> **ASSIGNED TASK**:
Using "Identify" as the search string, find the matching lines below and copy them.

START DATA EXTRACTS

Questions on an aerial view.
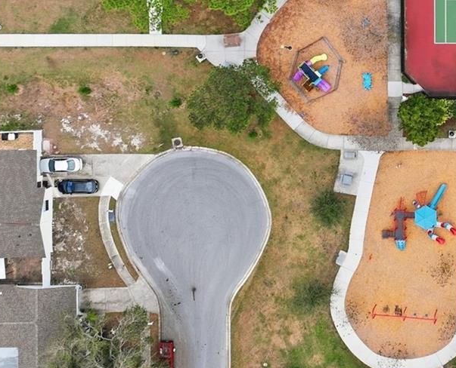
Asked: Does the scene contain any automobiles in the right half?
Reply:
No
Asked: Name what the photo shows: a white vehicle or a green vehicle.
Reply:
white vehicle
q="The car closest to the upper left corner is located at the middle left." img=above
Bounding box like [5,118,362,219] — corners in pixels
[41,157,85,175]
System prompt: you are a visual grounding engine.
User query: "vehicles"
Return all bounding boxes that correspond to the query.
[58,178,102,196]
[41,157,85,175]
[156,339,177,368]
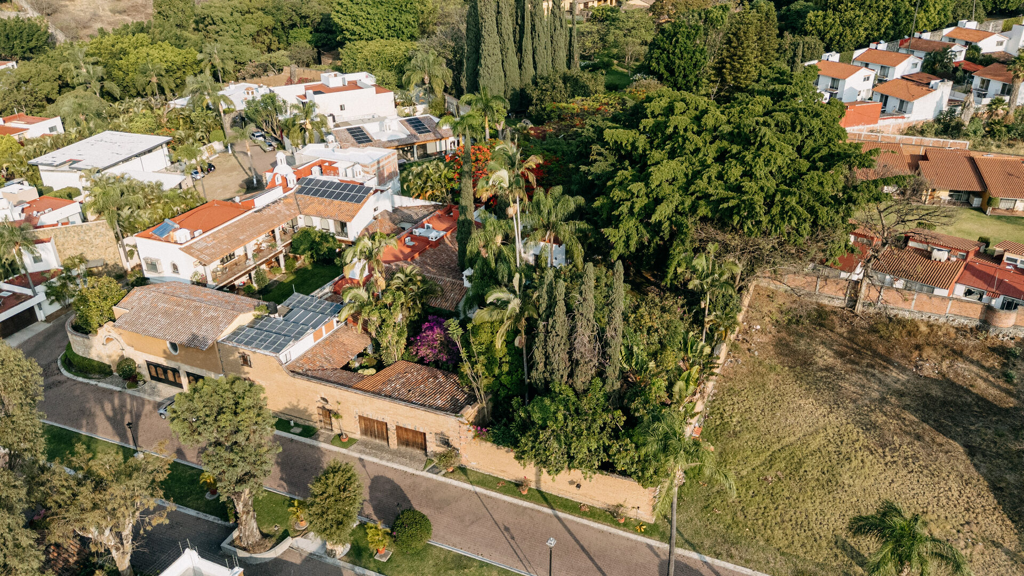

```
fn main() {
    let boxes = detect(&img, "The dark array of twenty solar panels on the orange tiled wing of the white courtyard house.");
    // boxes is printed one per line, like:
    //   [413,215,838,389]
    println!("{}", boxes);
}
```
[298,176,372,204]
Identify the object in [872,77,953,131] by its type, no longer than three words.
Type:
house
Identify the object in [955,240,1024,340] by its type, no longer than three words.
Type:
house
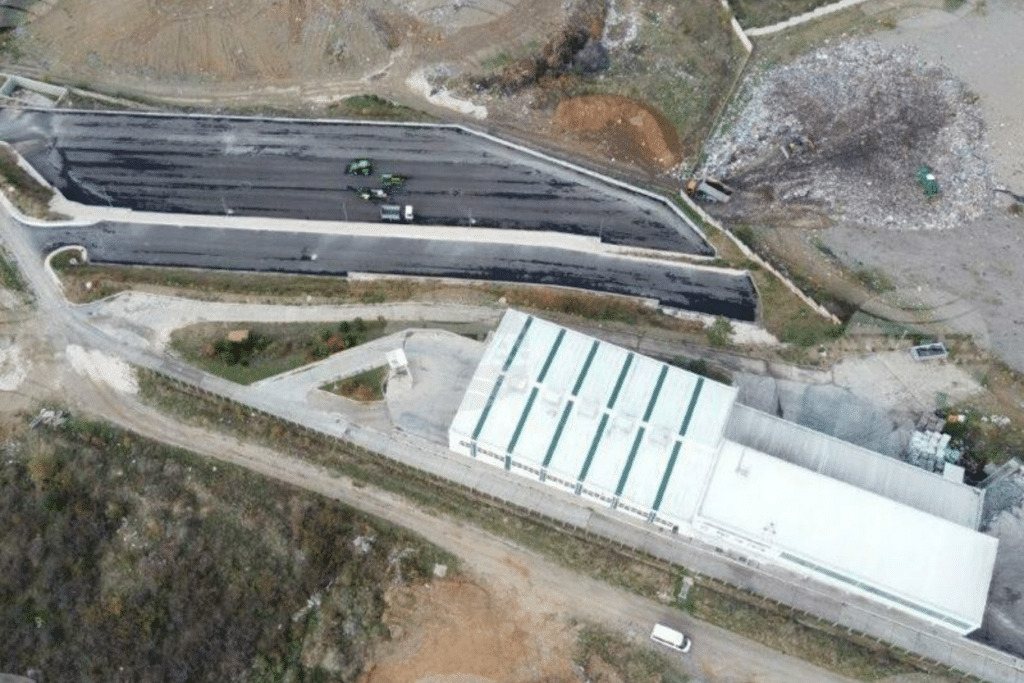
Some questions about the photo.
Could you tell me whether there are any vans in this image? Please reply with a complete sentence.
Yes, the frame does contain a van.
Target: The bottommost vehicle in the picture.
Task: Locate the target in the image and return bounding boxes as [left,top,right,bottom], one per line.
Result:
[652,627,694,656]
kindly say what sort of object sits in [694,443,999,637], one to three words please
building
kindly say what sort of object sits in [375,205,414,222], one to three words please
vehicle
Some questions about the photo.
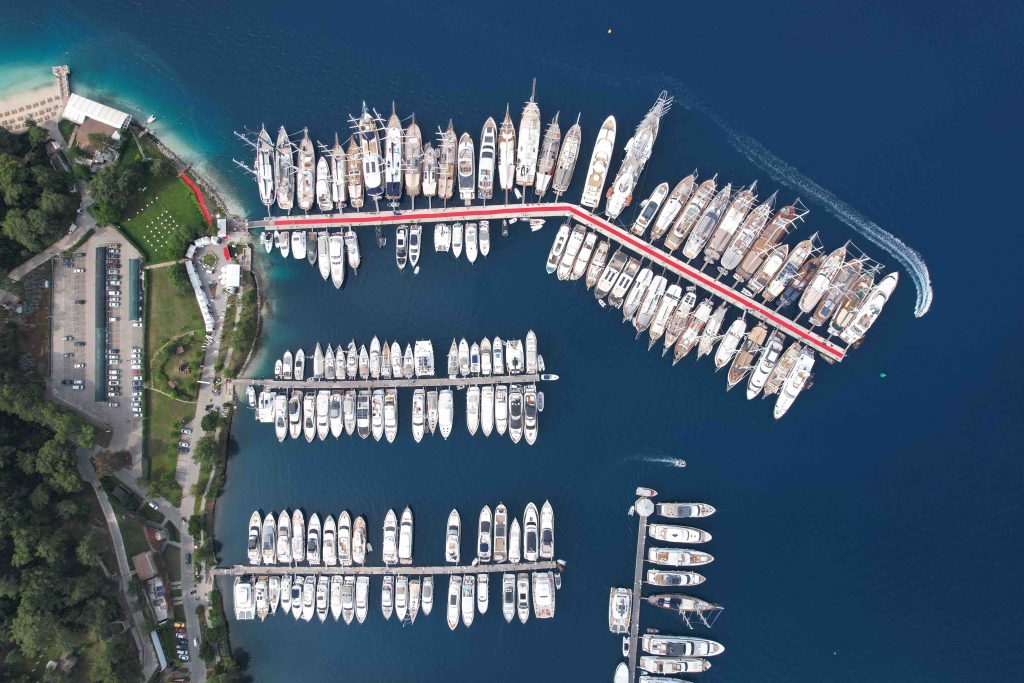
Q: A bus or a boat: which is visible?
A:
boat
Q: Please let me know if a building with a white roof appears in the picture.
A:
Yes
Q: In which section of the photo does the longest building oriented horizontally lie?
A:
top left
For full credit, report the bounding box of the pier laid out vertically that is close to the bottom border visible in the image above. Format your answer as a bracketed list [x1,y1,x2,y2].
[629,496,654,683]
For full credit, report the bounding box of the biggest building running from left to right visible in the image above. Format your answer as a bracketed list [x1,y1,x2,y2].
[61,96,135,131]
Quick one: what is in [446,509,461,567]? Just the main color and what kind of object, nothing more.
white boat
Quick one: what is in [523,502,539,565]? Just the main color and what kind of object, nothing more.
white boat
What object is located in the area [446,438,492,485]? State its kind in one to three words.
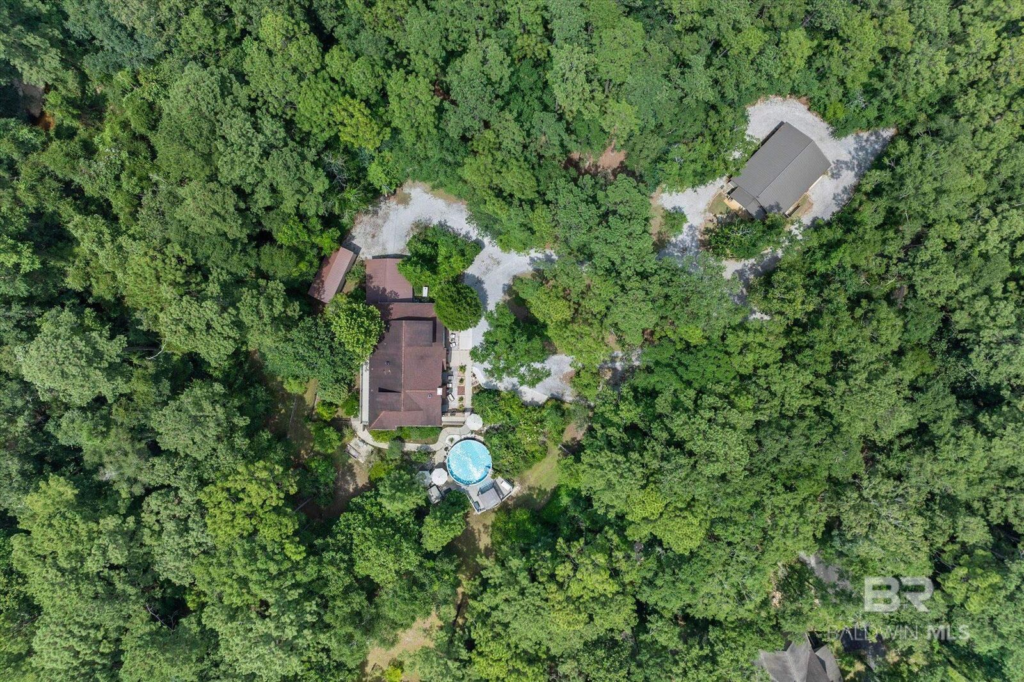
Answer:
swimming pool
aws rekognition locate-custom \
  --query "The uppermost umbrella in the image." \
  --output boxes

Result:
[466,413,483,430]
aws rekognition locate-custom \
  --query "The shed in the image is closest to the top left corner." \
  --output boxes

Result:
[308,245,354,301]
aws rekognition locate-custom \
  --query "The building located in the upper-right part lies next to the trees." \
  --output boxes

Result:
[723,122,831,220]
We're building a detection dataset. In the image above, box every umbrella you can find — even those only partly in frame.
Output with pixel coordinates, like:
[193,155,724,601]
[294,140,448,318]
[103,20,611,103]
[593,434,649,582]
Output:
[466,413,483,430]
[431,468,447,485]
[418,471,431,486]
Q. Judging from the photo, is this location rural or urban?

END DATA EXTRACTS

> **ANSWER FOR THE TASK**:
Identify the object in [872,77,953,131] by its type, no longer than three words.
Identify the object in [955,240,1024,340] by its type, no longer than three words.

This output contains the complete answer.